Autor: HUANG, MAN-TING, 黃曼婷
Rok vydání: 2019
Druh dokumentu: 學位論文 ; thesis
Popis: 107
This research builds a Long Short-Term Memory (LSTM) model to forecast univariate and multivariate Time Series Data by using TensorFlow, which is an open source platform for machine learning. The subject of research is the PM2.5 air quality index (AQI) per hour per day at Taoyuan District of Taoyuan City, Taiwan (R.O.C), with 1704 records in total. The data period is ranged from 2017/04/01 to 2017/06/30. The input features are the measured PM2.5, temperature, humidity, wind speed, rainfall.
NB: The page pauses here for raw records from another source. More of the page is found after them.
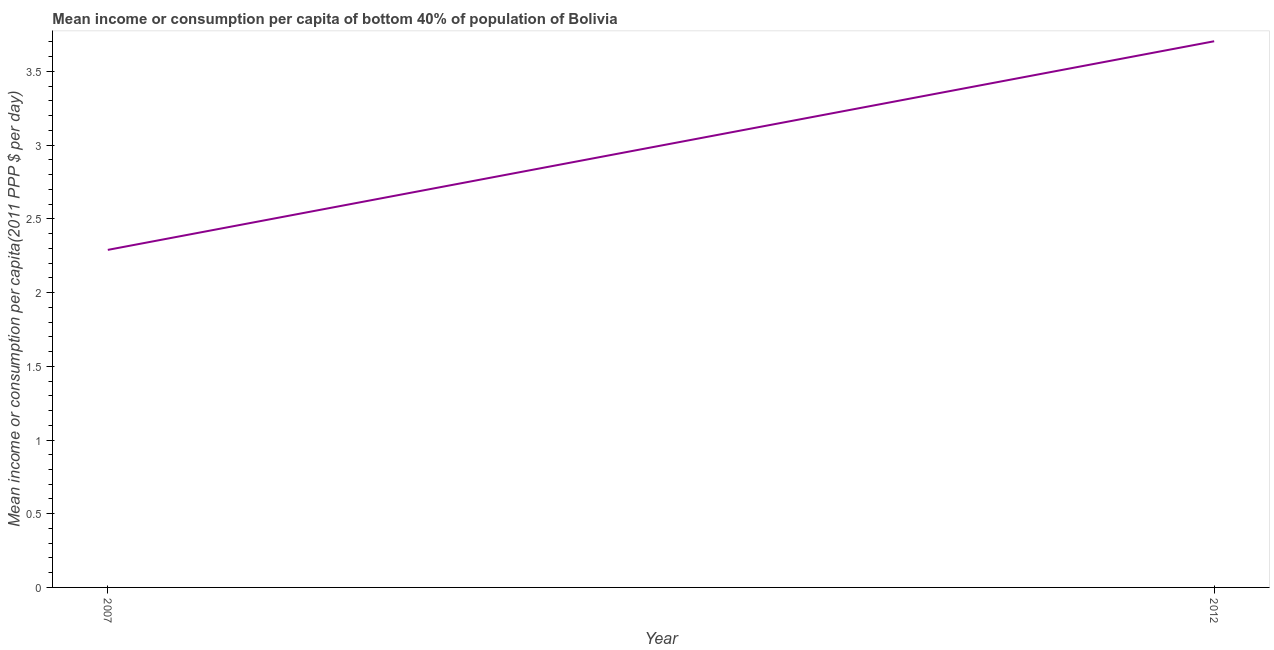What is the mean income or consumption in 2007?
Your answer should be compact. 2.29. Across all years, what is the maximum mean income or consumption?
Your response must be concise. 3.7. Across all years, what is the minimum mean income or consumption?
Your answer should be very brief. 2.29. In which year was the mean income or consumption minimum?
Keep it short and to the point. 2007. What is the sum of the mean income or consumption?
Ensure brevity in your answer.  5.99. What is the difference between the mean income or consumption in 2007 and 2012?
Your answer should be very brief. -1.42. What is the average mean income or consumption per year?
Your answer should be compact. 3. What is the median mean income or consumption?
Make the answer very short. 3. What is the ratio of the mean income or consumption in 2007 to that in 2012?
Provide a succinct answer. 0.62. Is the mean income or consumption in 2007 less than that in 2012?
Give a very brief answer. Yes. In how many years, is the mean income or consumption greater than the average mean income or consumption taken over all years?
Your answer should be very brief. 1. Does the mean income or consumption monotonically increase over the years?
Ensure brevity in your answer.  Yes. How many lines are there?
Keep it short and to the point. 1. How many years are there in the graph?
Your response must be concise. 2. Does the graph contain grids?
Provide a short and direct response. No. What is the title of the graph?
Provide a succinct answer. Mean income or consumption per capita of bottom 40% of population of Bolivia. What is the label or title of the Y-axis?
Your answer should be very brief. Mean income or consumption per capita(2011 PPP $ per day). What is the Mean income or consumption per capita(2011 PPP $ per day) in 2007?
Make the answer very short. 2.29. What is the Mean income or consumption per capita(2011 PPP $ per day) in 2012?
Offer a very short reply. 3.7. What is the difference between the Mean income or consumption per capita(2011 PPP $ per day) in 2007 and 2012?
Give a very brief answer. -1.42. What is the ratio of the Mean income or consumption per capita(2011 PPP $ per day) in 2007 to that in 2012?
Provide a succinct answer. 0.62. 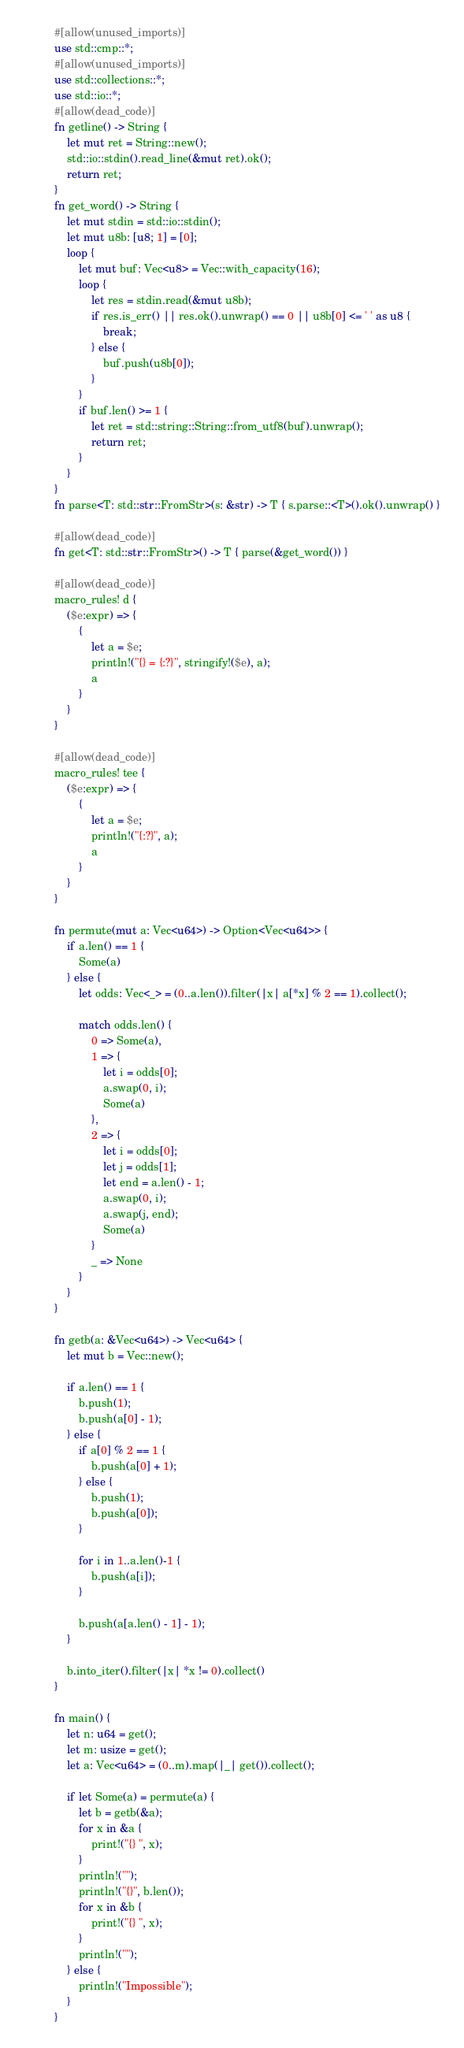Convert code to text. <code><loc_0><loc_0><loc_500><loc_500><_Rust_>#[allow(unused_imports)]
use std::cmp::*;
#[allow(unused_imports)]
use std::collections::*;
use std::io::*;
#[allow(dead_code)]
fn getline() -> String {
    let mut ret = String::new();
    std::io::stdin().read_line(&mut ret).ok();
    return ret;
}
fn get_word() -> String {
    let mut stdin = std::io::stdin();
    let mut u8b: [u8; 1] = [0];
    loop {
        let mut buf: Vec<u8> = Vec::with_capacity(16);
        loop {
            let res = stdin.read(&mut u8b);
            if res.is_err() || res.ok().unwrap() == 0 || u8b[0] <= ' ' as u8 {
                break;
            } else {
                buf.push(u8b[0]);
            }
        }
        if buf.len() >= 1 {
            let ret = std::string::String::from_utf8(buf).unwrap();
            return ret;
        }
    }
}
fn parse<T: std::str::FromStr>(s: &str) -> T { s.parse::<T>().ok().unwrap() }

#[allow(dead_code)]
fn get<T: std::str::FromStr>() -> T { parse(&get_word()) }

#[allow(dead_code)]
macro_rules! d {
    ($e:expr) => {
        {
            let a = $e;
            println!("{} = {:?}", stringify!($e), a);
            a
        }
    }
}

#[allow(dead_code)]
macro_rules! tee {
    ($e:expr) => {
        {
            let a = $e;
            println!("{:?}", a);
            a
        }
    }
}

fn permute(mut a: Vec<u64>) -> Option<Vec<u64>> {
    if a.len() == 1 {
        Some(a)
    } else {
        let odds: Vec<_> = (0..a.len()).filter(|x| a[*x] % 2 == 1).collect();

        match odds.len() {
            0 => Some(a),
            1 => {
                let i = odds[0];
                a.swap(0, i);
                Some(a)
            },
            2 => {
                let i = odds[0];
                let j = odds[1];
                let end = a.len() - 1;
                a.swap(0, i);
                a.swap(j, end);
                Some(a)
            }
            _ => None
        }
    }
}

fn getb(a: &Vec<u64>) -> Vec<u64> {
    let mut b = Vec::new();

    if a.len() == 1 {
        b.push(1);
        b.push(a[0] - 1);
    } else {
        if a[0] % 2 == 1 {
            b.push(a[0] + 1);
        } else {
            b.push(1);
            b.push(a[0]);
        }

        for i in 1..a.len()-1 {
            b.push(a[i]);
        }

        b.push(a[a.len() - 1] - 1);
    }

    b.into_iter().filter(|x| *x != 0).collect()
}

fn main() {
    let n: u64 = get();
    let m: usize = get();
    let a: Vec<u64> = (0..m).map(|_| get()).collect();

    if let Some(a) = permute(a) {
        let b = getb(&a);
        for x in &a {
            print!("{} ", x);
        }
        println!("");
        println!("{}", b.len());
        for x in &b {
            print!("{} ", x);
        }
        println!("");
    } else {
        println!("Impossible");
    }
}
</code> 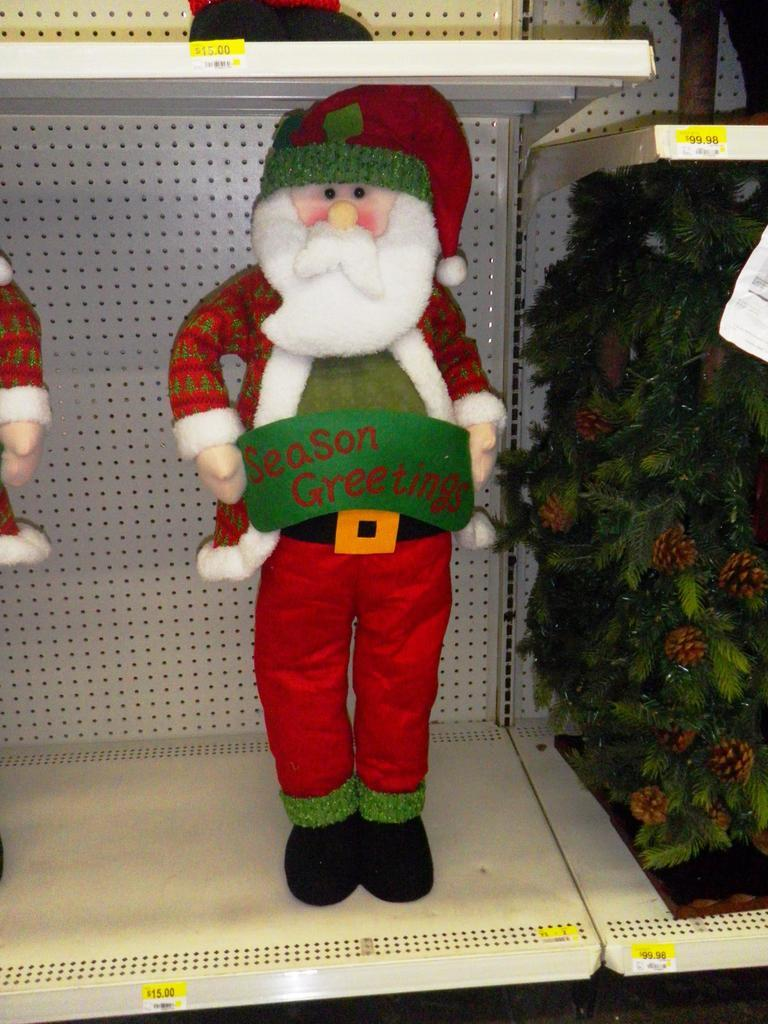Provide a one-sentence caption for the provided image. a santa claus in a store holding a banner that says 'season greetings'. 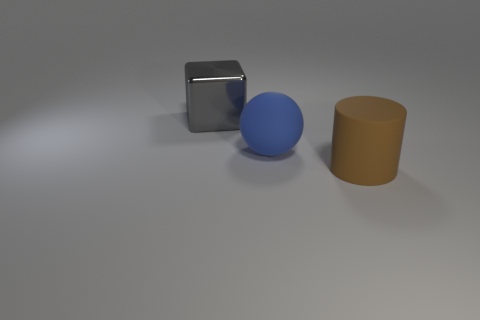Subtract all cylinders. How many objects are left? 2 Add 1 brown rubber cylinders. How many brown rubber cylinders exist? 2 Add 2 big rubber cylinders. How many objects exist? 5 Subtract 0 green blocks. How many objects are left? 3 Subtract 1 cylinders. How many cylinders are left? 0 Subtract all yellow cubes. Subtract all brown cylinders. How many cubes are left? 1 Subtract all green cubes. How many cyan cylinders are left? 0 Subtract all big cylinders. Subtract all gray rubber objects. How many objects are left? 2 Add 2 metal objects. How many metal objects are left? 3 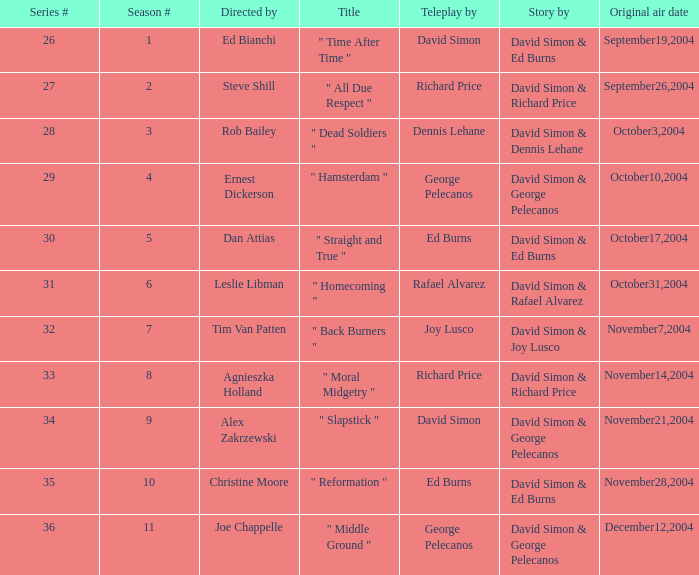What is the total number of values for "Teleplay by" category for series # 35? 1.0. 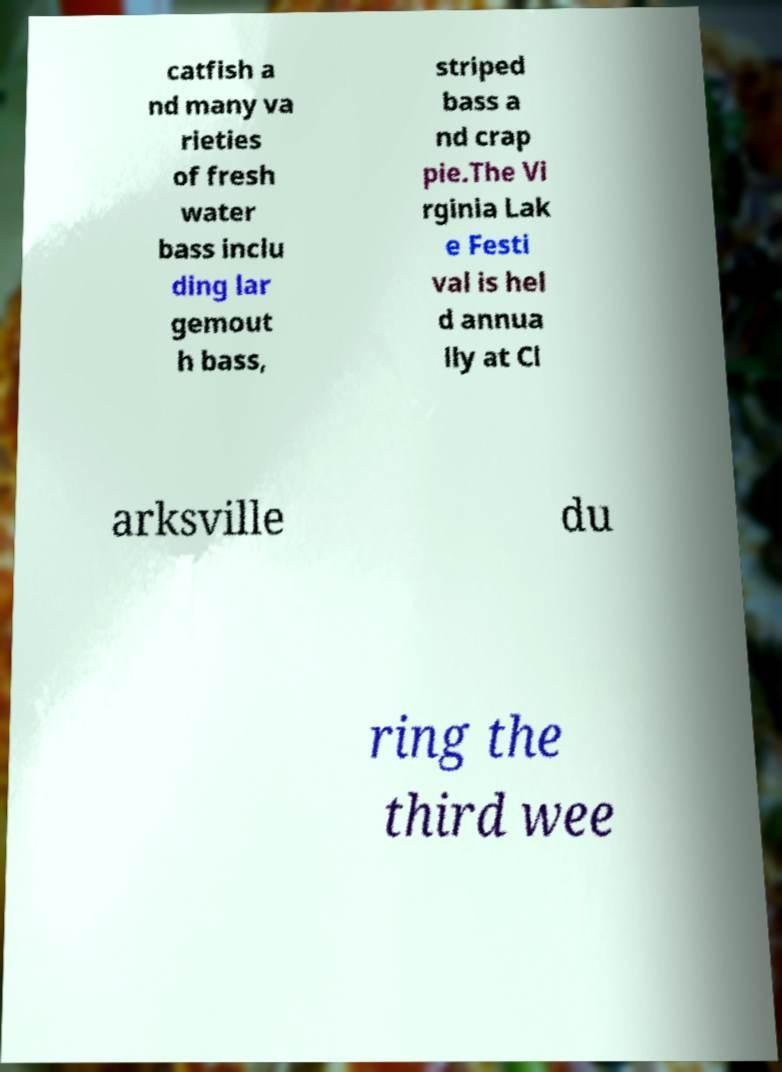Can you read and provide the text displayed in the image?This photo seems to have some interesting text. Can you extract and type it out for me? catfish a nd many va rieties of fresh water bass inclu ding lar gemout h bass, striped bass a nd crap pie.The Vi rginia Lak e Festi val is hel d annua lly at Cl arksville du ring the third wee 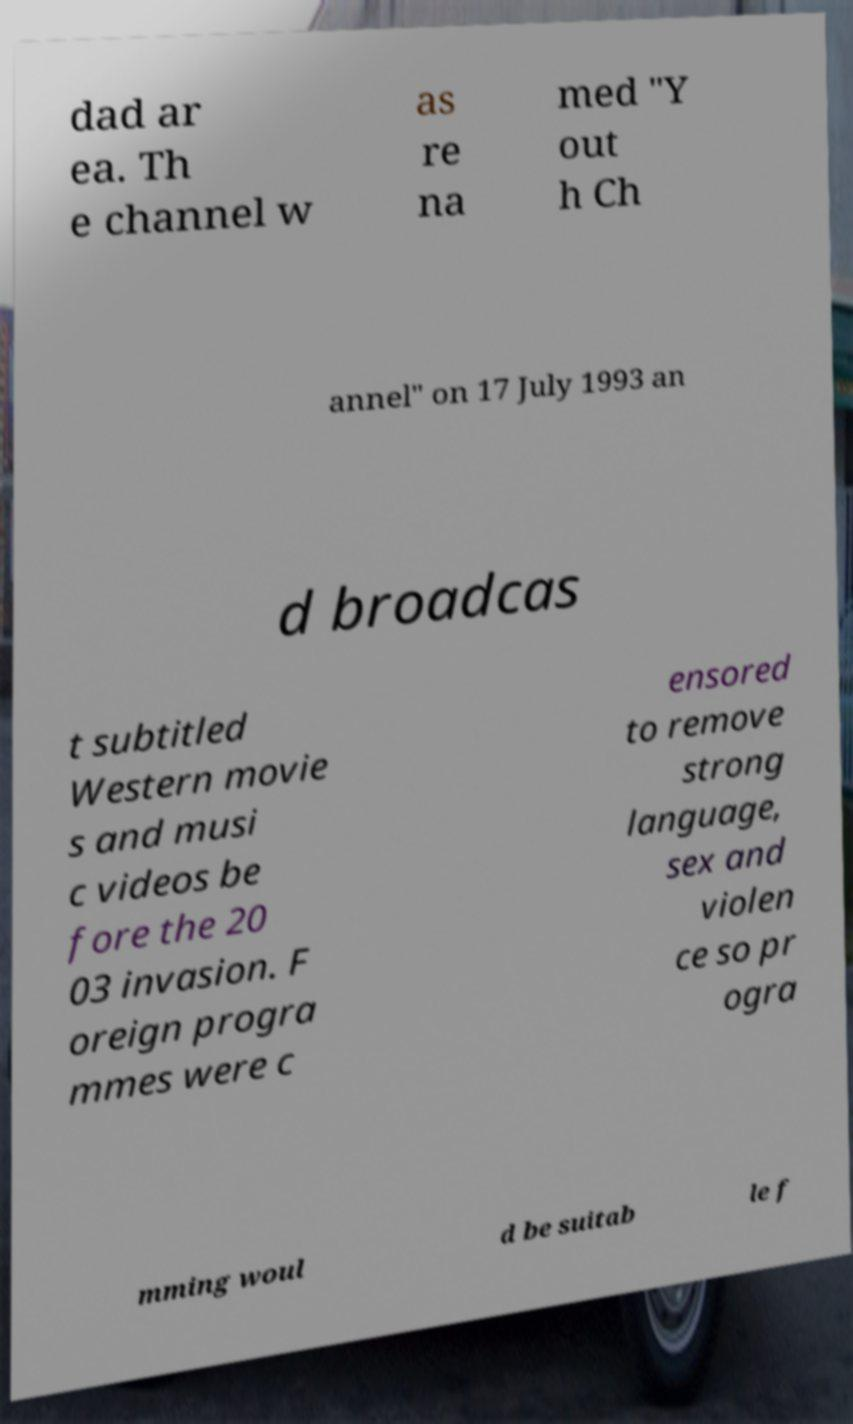What messages or text are displayed in this image? I need them in a readable, typed format. dad ar ea. Th e channel w as re na med "Y out h Ch annel" on 17 July 1993 an d broadcas t subtitled Western movie s and musi c videos be fore the 20 03 invasion. F oreign progra mmes were c ensored to remove strong language, sex and violen ce so pr ogra mming woul d be suitab le f 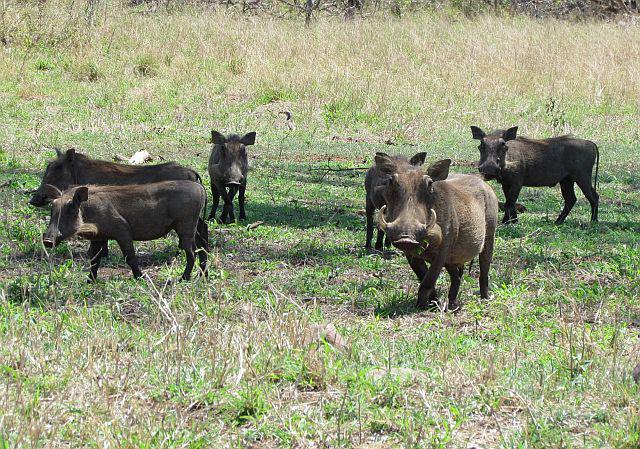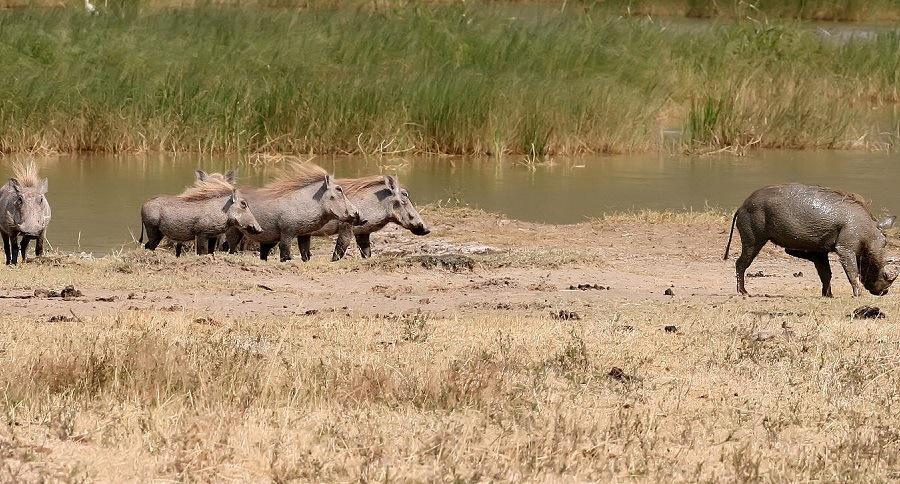The first image is the image on the left, the second image is the image on the right. Given the left and right images, does the statement "There are exactly five animals in the image on the right." hold true? Answer yes or no. Yes. 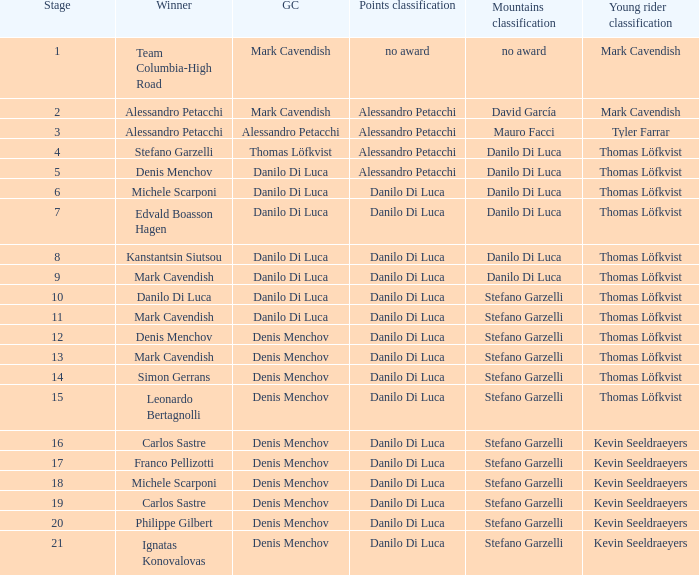When philippe gilbert is the winner who is the points classification? Danilo Di Luca. 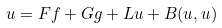Convert formula to latex. <formula><loc_0><loc_0><loc_500><loc_500>u = F f + G g + L u + B ( u , u )</formula> 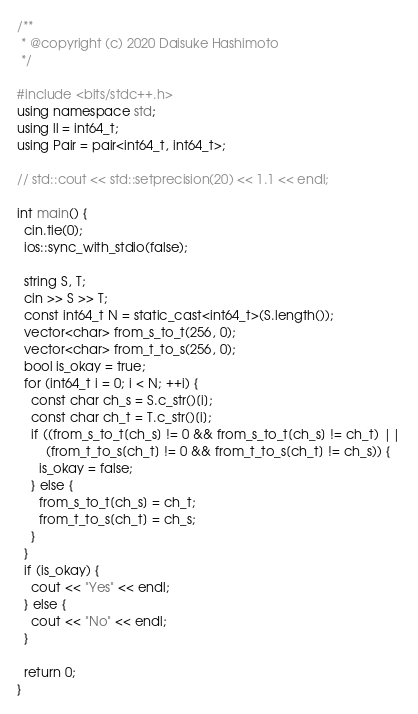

Finally, the purpose of this research is to generate the best forecast results by parameter adjustment and analysis of the average and the short-term variability of root-mean-square error index. The forecast results generated by using the best parameters combinations data of both LSTM predict models are as follows: In Univariate Time Series Forecasting, the average of root-mean-square errors are 6.176 (Train Score) and 5.163 (Test Score), the short-term variability are 0.086839234 (Train Score) and 0.134755139 (Test Score). In Multivariate Time Series Forecasting, the average of root-mean-square errors are 6.1068 (Train Score) and 4.45025 (Test Score), the short-term variability are 0.01156492 (Train Score) and 0.016189259 (Test Score).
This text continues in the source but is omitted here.